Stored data
-- Opening Marker --
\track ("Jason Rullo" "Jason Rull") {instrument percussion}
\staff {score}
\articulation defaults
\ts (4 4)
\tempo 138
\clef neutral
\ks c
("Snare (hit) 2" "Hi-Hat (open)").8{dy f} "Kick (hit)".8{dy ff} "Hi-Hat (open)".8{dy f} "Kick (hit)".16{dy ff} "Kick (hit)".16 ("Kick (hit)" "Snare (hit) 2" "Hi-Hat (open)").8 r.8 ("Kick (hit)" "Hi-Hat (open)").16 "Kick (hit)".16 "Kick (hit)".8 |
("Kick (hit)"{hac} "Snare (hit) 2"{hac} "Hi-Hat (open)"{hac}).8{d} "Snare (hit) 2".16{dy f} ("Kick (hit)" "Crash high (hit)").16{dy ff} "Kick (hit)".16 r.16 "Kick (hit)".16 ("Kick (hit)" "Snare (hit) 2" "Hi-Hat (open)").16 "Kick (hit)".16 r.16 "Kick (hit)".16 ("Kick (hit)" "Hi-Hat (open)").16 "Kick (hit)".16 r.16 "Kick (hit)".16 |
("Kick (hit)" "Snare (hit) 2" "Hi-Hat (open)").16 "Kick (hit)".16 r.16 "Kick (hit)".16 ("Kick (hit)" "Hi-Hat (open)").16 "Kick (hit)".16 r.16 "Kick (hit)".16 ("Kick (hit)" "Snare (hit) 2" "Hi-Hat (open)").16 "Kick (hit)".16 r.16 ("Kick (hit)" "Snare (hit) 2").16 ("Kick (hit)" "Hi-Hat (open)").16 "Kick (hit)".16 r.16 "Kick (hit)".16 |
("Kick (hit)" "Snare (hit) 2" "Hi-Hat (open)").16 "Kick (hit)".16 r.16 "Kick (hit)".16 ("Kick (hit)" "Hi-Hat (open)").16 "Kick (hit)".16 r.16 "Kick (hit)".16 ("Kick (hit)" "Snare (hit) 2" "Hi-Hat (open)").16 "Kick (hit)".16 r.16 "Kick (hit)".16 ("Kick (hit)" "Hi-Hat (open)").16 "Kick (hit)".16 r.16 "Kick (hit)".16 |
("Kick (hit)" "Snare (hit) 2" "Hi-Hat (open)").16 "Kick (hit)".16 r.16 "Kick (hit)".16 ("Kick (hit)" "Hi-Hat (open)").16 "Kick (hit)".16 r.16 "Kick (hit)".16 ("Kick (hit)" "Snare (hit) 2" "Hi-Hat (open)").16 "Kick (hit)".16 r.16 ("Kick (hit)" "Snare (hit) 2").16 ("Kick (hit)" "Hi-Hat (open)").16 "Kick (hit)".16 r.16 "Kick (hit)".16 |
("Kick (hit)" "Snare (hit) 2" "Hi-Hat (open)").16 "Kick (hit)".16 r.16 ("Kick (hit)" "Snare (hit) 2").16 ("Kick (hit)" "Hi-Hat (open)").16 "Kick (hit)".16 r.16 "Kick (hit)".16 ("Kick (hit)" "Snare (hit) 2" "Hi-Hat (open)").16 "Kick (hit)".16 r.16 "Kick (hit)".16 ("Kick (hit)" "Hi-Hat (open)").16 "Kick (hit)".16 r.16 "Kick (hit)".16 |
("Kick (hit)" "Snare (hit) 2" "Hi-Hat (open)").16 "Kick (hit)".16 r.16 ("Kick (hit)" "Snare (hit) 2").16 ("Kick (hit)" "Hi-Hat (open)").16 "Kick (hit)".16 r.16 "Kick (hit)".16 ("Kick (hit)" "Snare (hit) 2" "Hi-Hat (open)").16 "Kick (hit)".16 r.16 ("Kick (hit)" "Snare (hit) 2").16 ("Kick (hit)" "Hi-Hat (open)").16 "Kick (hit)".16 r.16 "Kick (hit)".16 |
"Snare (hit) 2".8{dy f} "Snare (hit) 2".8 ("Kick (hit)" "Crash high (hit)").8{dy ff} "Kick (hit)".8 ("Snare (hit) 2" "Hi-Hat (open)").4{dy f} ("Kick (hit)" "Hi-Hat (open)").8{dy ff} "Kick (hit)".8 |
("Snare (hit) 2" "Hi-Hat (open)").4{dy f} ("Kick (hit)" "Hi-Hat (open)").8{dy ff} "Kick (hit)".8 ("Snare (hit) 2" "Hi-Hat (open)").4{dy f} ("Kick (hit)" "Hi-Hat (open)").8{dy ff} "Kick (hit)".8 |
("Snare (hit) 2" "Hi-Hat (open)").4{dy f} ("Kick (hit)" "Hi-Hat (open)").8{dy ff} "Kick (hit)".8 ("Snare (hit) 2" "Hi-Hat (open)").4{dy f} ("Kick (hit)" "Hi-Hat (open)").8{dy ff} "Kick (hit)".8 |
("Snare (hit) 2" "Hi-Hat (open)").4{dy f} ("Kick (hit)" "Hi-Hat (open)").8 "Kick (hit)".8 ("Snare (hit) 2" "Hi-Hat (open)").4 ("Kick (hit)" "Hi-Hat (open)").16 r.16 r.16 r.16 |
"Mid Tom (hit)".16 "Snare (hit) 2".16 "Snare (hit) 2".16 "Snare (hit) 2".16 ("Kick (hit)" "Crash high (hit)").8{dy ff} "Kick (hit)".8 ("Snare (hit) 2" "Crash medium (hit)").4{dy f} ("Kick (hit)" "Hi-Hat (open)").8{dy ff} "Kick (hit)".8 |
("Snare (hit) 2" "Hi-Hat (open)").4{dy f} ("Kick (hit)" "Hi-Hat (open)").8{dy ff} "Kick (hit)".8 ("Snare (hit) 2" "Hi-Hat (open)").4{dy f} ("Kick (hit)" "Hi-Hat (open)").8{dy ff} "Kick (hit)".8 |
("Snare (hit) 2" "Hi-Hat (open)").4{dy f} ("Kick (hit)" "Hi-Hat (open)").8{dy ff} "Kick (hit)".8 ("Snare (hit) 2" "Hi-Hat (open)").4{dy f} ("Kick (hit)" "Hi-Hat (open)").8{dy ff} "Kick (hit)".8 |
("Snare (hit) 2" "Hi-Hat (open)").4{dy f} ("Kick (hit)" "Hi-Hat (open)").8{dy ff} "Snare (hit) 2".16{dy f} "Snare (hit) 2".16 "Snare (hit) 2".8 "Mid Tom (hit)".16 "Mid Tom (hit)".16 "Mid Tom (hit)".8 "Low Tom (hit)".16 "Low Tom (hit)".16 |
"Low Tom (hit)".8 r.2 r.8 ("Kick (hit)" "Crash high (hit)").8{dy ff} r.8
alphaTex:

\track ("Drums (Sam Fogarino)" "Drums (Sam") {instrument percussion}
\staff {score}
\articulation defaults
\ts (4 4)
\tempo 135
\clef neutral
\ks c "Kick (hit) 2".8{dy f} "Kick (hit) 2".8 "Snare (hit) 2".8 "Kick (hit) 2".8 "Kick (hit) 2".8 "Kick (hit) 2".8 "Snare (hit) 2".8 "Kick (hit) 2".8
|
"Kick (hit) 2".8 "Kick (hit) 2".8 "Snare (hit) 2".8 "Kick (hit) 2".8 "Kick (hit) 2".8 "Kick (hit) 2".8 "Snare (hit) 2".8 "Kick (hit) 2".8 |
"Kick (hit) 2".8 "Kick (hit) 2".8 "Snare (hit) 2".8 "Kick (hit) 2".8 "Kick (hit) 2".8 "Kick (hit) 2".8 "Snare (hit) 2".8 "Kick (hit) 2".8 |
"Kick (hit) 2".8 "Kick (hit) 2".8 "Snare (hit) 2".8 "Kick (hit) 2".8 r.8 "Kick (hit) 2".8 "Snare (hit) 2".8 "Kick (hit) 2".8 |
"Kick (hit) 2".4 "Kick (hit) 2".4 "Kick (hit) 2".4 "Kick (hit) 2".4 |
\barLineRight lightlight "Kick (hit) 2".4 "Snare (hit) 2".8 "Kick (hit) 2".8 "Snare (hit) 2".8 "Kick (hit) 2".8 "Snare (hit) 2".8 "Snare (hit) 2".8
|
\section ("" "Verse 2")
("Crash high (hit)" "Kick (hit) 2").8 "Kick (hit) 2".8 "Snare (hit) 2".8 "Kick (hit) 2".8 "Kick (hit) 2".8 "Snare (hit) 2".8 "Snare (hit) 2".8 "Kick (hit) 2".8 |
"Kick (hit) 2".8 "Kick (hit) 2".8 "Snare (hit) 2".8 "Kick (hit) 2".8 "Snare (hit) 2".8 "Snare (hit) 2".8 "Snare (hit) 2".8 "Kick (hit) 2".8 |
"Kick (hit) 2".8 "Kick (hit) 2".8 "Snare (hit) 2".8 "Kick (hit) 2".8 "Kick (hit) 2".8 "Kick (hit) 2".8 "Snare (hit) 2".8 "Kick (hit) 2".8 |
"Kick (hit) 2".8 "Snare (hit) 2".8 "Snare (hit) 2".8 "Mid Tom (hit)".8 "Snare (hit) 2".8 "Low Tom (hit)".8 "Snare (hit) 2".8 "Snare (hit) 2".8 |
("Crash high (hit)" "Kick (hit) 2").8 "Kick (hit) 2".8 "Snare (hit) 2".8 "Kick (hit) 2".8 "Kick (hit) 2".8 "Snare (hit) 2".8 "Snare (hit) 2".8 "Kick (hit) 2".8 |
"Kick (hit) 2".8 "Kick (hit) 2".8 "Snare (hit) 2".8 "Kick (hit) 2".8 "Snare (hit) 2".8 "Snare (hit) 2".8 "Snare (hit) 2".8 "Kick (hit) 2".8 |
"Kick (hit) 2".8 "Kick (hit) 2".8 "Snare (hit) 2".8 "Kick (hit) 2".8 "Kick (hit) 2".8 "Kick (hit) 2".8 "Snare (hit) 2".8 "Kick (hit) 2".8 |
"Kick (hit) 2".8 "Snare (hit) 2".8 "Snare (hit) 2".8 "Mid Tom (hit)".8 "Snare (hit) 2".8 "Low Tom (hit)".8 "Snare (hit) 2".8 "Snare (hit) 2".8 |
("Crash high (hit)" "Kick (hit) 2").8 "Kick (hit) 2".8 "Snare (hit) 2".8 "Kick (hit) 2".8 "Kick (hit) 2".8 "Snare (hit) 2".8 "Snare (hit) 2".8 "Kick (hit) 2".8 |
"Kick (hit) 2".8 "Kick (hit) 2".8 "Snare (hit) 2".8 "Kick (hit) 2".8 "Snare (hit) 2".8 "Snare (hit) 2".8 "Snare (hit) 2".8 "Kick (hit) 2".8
-- Closing Marker --
DESCRIPTION OF THE TASK
The job here is to find each line above with the word "percussion" and copy it.

YOUR RESPONSE
\track ("Jason Rullo" "Jason Rull") {instrument percussion}
\track ("Drums (Sam Fogarino)" "Drums (Sam") {instrument percussion}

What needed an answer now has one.